Start of RECORDS FOR PROCESSING

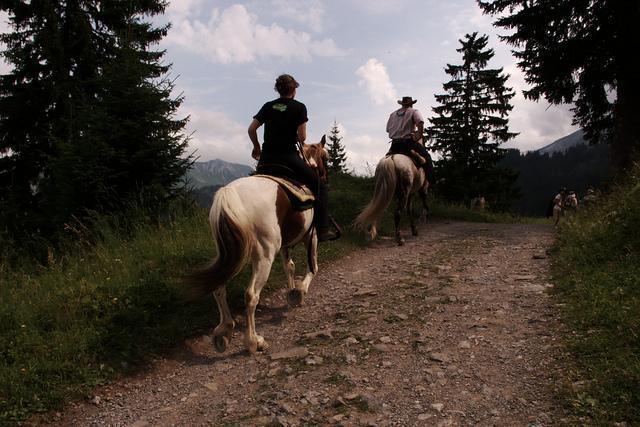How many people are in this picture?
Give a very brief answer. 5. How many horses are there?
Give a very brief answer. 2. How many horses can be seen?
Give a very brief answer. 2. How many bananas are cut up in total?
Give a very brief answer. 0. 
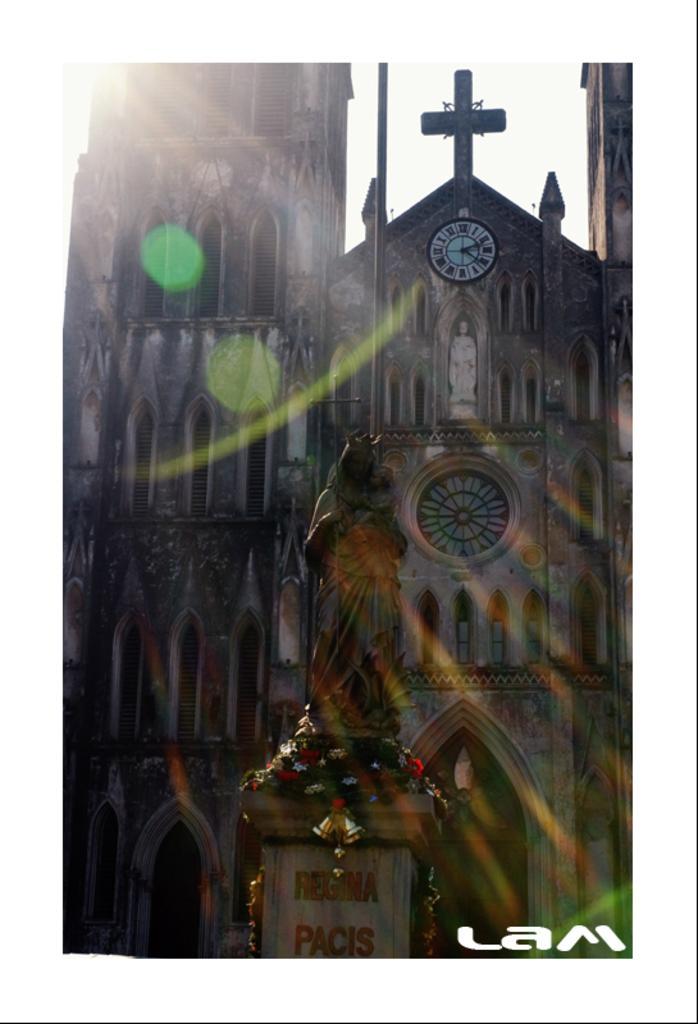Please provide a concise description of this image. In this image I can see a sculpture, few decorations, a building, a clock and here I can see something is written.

End of RECORDS FOR PROCESSING

For this exercise, return the data above exactly and leave every picture out.

FINISHED TASK:
How many people are in this picture?
Give a very brief answer. 5. How many horses are there?
Give a very brief answer. 2. How many horses can be seen?
Give a very brief answer. 2. How many bananas are cut up in total?
Give a very brief answer. 0. 
Please provide a concise description of this image. In this image I can see a sculpture, few decorations, a building, a clock and here I can see something is written.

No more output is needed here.